5. Loading Indicators¶
✓ Good:
public void Login(string email, string password)
{
ShowLoadingIndicator("Logging in...");
API.Auth.WithNameAndPassword(email, password, (response) =>
{
HideLoadingIndicator();
if (response.Success)
{
OnSuccess();
}
else
{
ShowError(response.ErrorMessage);
}
});
}
Why: Authentication involves network calls that may take time. Always show loading state.
Common Patterns¶
Pattern: Progressive Authentication¶
// Start with guest auth for quick onboarding
void Start()
{
API.Auth.AsGuest(OnGuestAuthComplete);
}
// Later, encourage linking
void OnPlayerLevel5()
{
ShowNotification("Link your account to save progress across devices!");
ShowLinkAccountButton();
}
Use Case: Casual games that want quick onboarding but encourage account creation later.
Pattern: Forced Auth with Guest Fallback¶
void Start()
{
if (HasCachedCredentials())
{
AutoLogin();
}
else
{
ShowLoginScreen(allowGuestMode: true);
}
}
public void OnPlayAsGuestClicked()
{
API.Auth.AsGuest((response) =>
{
if (response.Success)
{
ShowNotification("Playing as guest.

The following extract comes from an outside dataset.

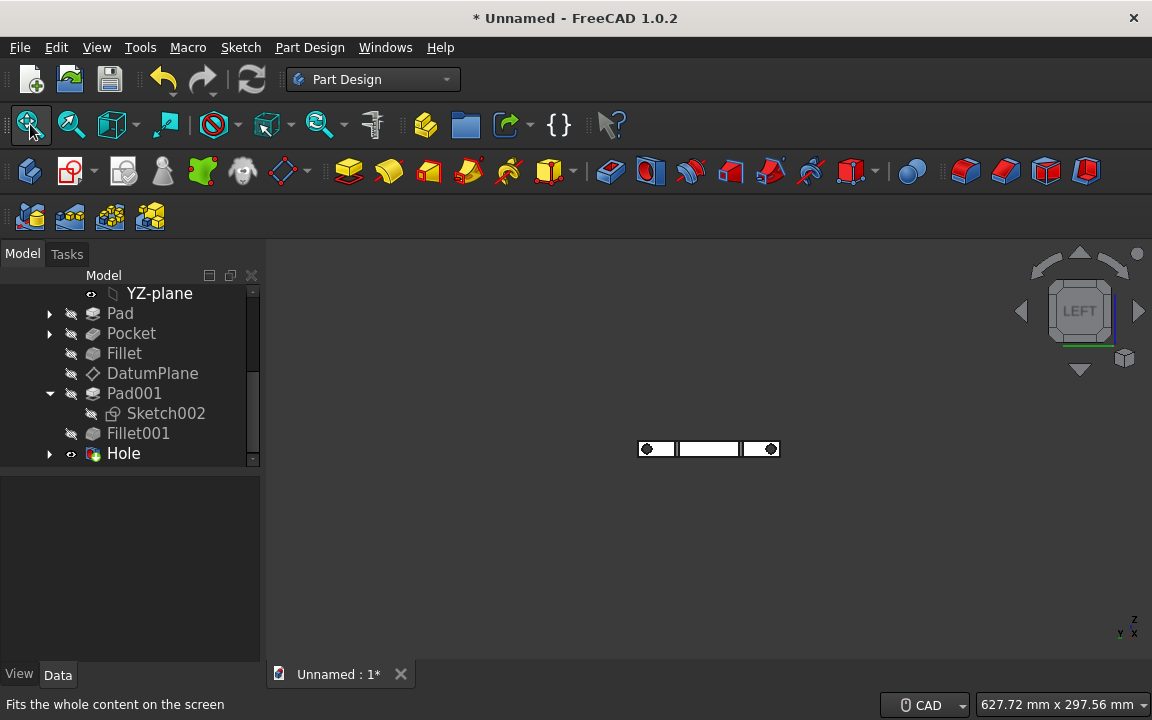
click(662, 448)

Progress may be lost!");
StartGame();
}
});
}
Use Case: Games that prefer login but allow guest mode for trying the game.
Troubleshooting¶
Problem: "Authentication failed: Session expired"¶
Causes:
- Session expired on server
- Account was deleted or modified
- Authentication state corrupted
Solutions:
// Clear Balancy state and re-authenticate
Balancy.Profiles.Reset();
API.Auth.AsGuest(callback); // Or custom auth
Problem: "Binding conflict" error even with forceLink=true¶
Causes:
- Network request failed mid-process
- Server-side conflict resolution failed
Solutions:
// Retry with forceLink
API.Link.WithNameAndPassword(email, password, true, (response) =>
{
if (!response.Success)
{
Debug.LogError($"Retry failed: {response.ErrorMessage}");
// Contact support or try different credentials
}
});
Problem: Lost progress after linking account¶
Causes:
- Linked to a different account without warning
- Used
forceLink=trueon a conflict
Prevention:
// Always check if UserId changed
var currentUserId = Balancy.Profiles.System?.UserId;
API.Link.WithNameAndPassword(email, password, forceLink, (response) =>
{
if (response.Success)
{
if (response.UserId == currentUserId)
{
Debug.Log("Linked to current account - progress safe");
}
else
{
Debug.Log("Switched to different account - progress replaced");
// Should have warned user before this!
}
}
});
Security Considerations¶
1. Never Log Passwords¶
❌ Bad:
Debug.Log($"Logging in with password: {password}"); // NEVER DO THIS!
✓ Good:
Debug.Log($"Logging in with email: {email}");
// Don't log password at all
2. Secure Session Management¶
✓ Good:
// Balancy handles session security automatically
// Authentication state is managed by the SDK
❌ Bad:
// Don't implement custom session storage
PlayerPrefs.SetString("session_id", someId); // Not secure!
Note: Balancy automatically manages secure session storage. Trust the SDK's built-in security mechanisms.
3. Validate Input¶
✓ Good:
public void Login(string email, string password)
{
if (string.IsNullOrWhiteSpace(email))
{
ShowError("Email is required");
return;
}
if (!IsValidEmail(email))
{
ShowError("Invalid email format");
return;
}
if (string.IsNullOrWhiteSpace(password))
{
ShowError("Password is required");
return;
}
if (password.Length < 6)
{
ShowError("Password must be at least 6 characters");
return;
}
API.Auth.WithNameAndPassword(email, password, callback);
}
Summary of Best Practices¶
| Scenario | Best Practice |
|---|---|
| No Custom Authentication (Device ID) | No action required; progress is stored automatically. |
| Forced Authentication (Login required) | Authenticate before loading the profile; cache token for future sessions. |
| Linking Authentication Methods | Allow linking/unlinking; resolve conflicts with "Unlink & Link" or "Load Another Account". |
| Changing Accounts (Auto Auth) | Provide a "Change Account" button with authentication options and a progress loss warning. |
| Changing Accounts (Forced Auth) | Use a "Log Out" button that forces the player to log in again. |
Following these best practices ensures seamless authentication, data security, and a better player experience across all platforms.